Le lien que fait Benyamin Netanyahu entre le Mufti de Jérusalem et l’holocauste est imbécile pour trois raisons. D’abord, elle accorde à Adolf Hitler une circonstance atténuante, celle de s’être fait embobiner par une espèce de Raspoutine portant un turban. Ensuite, il est très difficile de croire qu’un personnage aussi terne que le Mufti de Jérusalem, aurait induit un acte aussi essentiel de la Seconde Guerre Mondiale, qu’il aurait eu la moindre influence sur Adolf Hitler et l’idéologie du parti nazi. Des centaines d’ouvrages qui décortiquent et plongent dans les racines, idéologique, historique, sociologique, de la haine de l’Allemagne national-socialiste pour les Juifs  et dans celles de l’antisémitisme européen, sont balayés d’un revers de la main par un jeune professeur d’université qui fait du Mufti de Jérusalem l’instigateur, du plus grand crime organisé du vingtième siècle. Enfin le lien, non déclaré mais qu’il n’est pas difficile de voir en filigrane, que tente d’établir Benyamin Netanyahu entre le génie génocidaire du Mufti de Jérusalem et la sauvagerie de Daech, qui serait donc son héritier et le prochain assassin des Juifs, laisse perplexe tant il est tenu. Depuis que cette organisation terroriste existe et ses aînés, dont la redoutable Al-Qaida, ont-elles jamais mené le moindre attentat en Israël?
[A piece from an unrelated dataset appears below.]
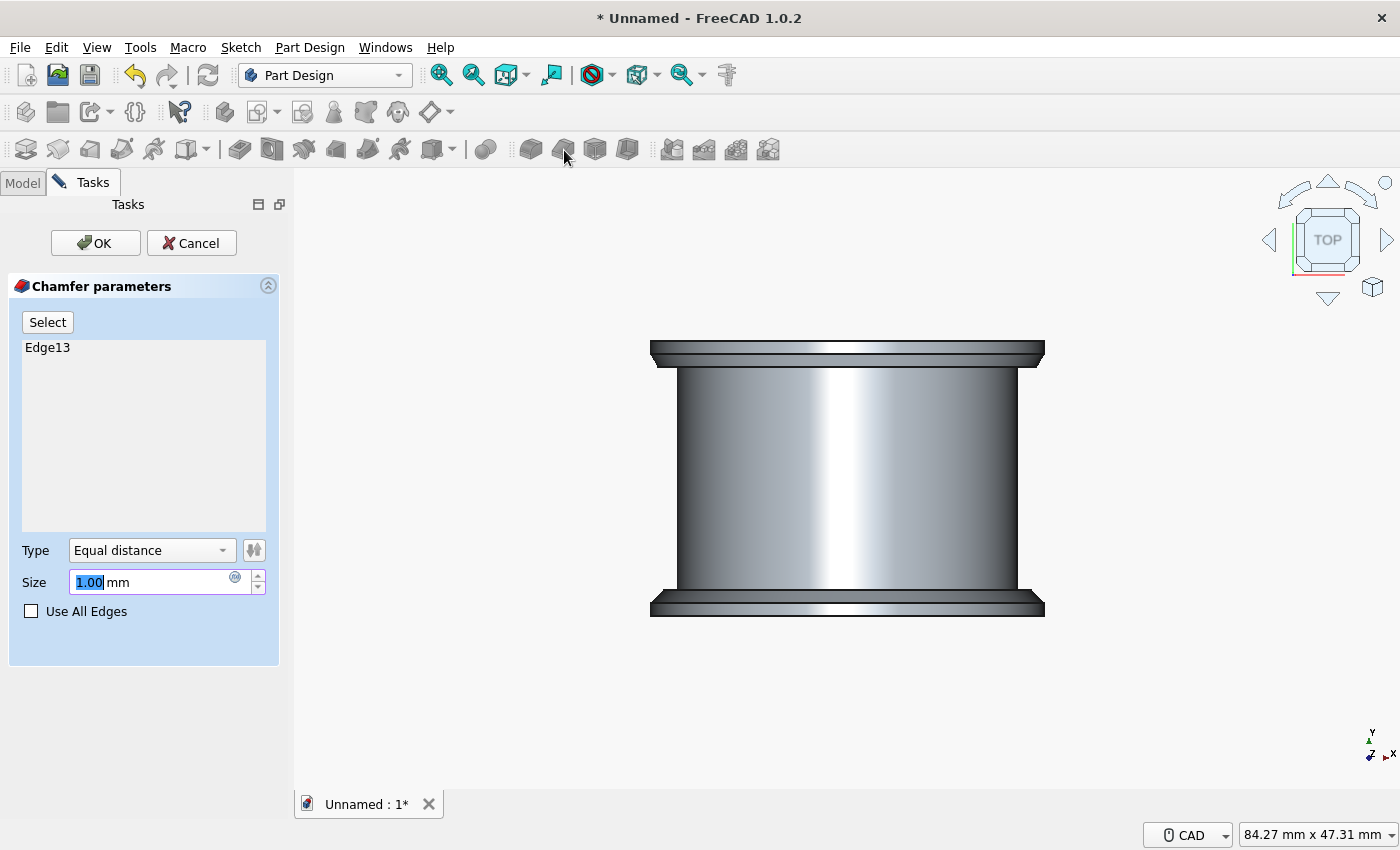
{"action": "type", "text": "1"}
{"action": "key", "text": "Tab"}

Tout cela serait risible s’il ne s’agissait pas de la prétention d’un Etat en faillite moralement, de faire feu de tout bois, fut-il vert et mouillé, pour provoquer un léger écran de fumée, devant son injustice avérée, fumée qui ne pique même plus les yeux.

 

Amine Issa

27/10/2015

 

1-Théodore Herzl et l’utopie d’Israël. Communication de Raymond Trousson. http://www.arllfb.be/ebibliotheque/communications/trousson140392.pdf

2- Le lobby pro-israélien et la politique étrangère américaine, John Mearsheimer et Stephen Walt, La Découverte, page 106.

3- Ibid, page 110.

4- Au nom du temple, Charles Enderlin, Seuil, page 22.